← Back to context

Comment by diggan

3 days ago

> but what do you think the chances are that this was in the training data?

Pulled out of my ass, I'd say a 95% chance. NYT Connections is a fairly popular puzzle, it's been out for more than 2 years, and even if this particular GitHub repository with the prompts and methodology wasn't in the training data, it's almost guaranteed that other information, problems and solutions from NYT Connections is in any of the other datasets.

If your definition of cheating is "it was fed the answers during training" then every LLM is surely cheating and the real question is why other LLMs didn't do as well in this benchmark.

  • You could get 100% on the benchmark with an SQL query that pulls the answers from the dataset, but it wouldn't mean your SQL query is more capable than LLMs that didn't do as well in this benchmark.

    We want benchmarks to be representative of performance in general (in novel problems with novel data we don't have answers for), not merely of memorization of this specific dataset.

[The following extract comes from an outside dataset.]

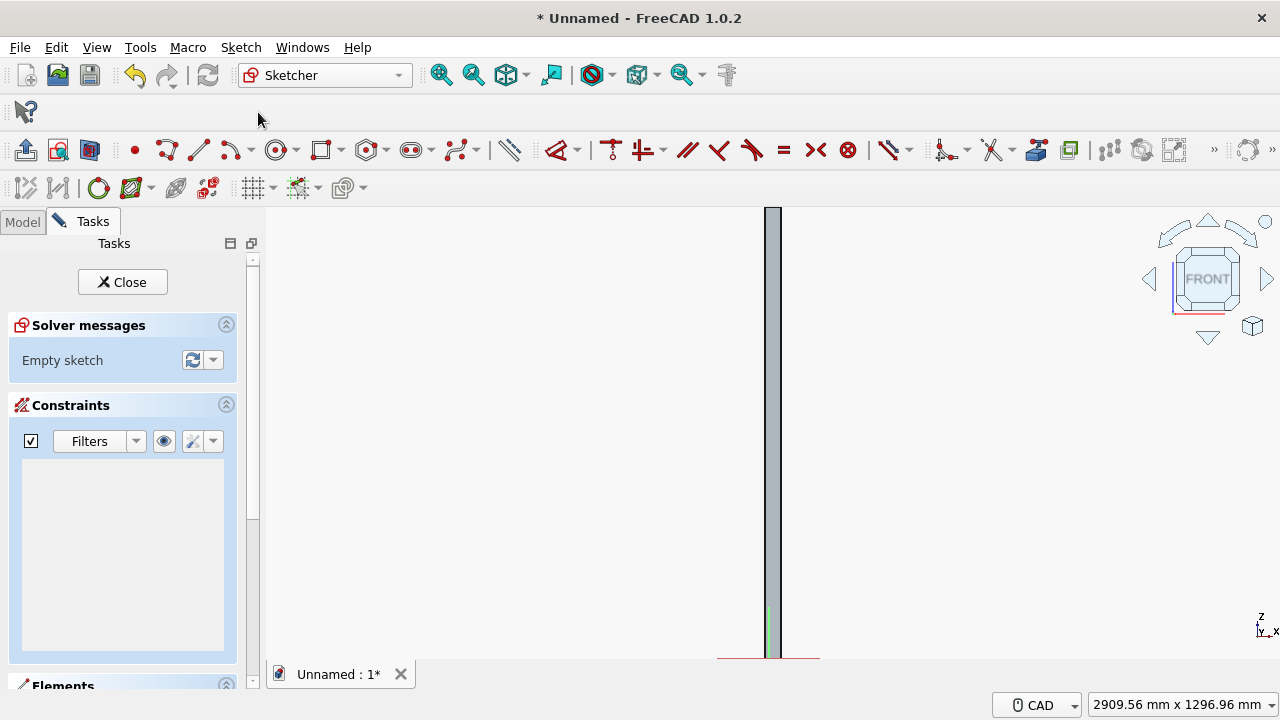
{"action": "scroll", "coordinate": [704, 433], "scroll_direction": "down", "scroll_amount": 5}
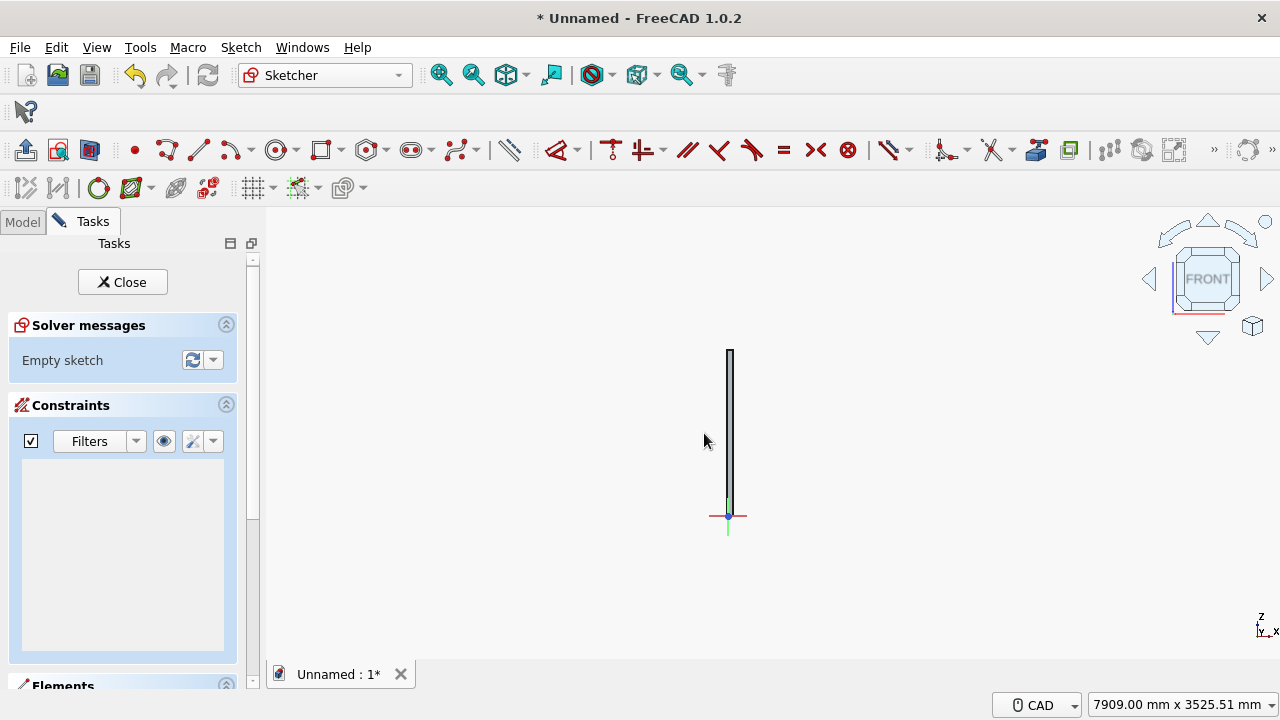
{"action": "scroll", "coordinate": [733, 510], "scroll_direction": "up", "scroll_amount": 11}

    • My question, perhaps asked in too oblique of a fashion, was why the other LLMs — surely trained on the answers to Connections puzzles too — didn't do as well on this benchmark. Did the data harvesting vacuums at Google and OpenAI really manage to exclude every reference to Connections solutions posted across the internet?

      LLM weights are, in a very real sense, lossy compression of the training data. If Grok is scoring better, it speaks to the fidelity of their lossy compression as compared to others.

      7 replies →

  • People have this misguided belief that LLMs just do look-ups of data present in their "model corpus", fed in during "training". Which isn't even training at that point its just copying + compressing. Like putting books into a .zip file.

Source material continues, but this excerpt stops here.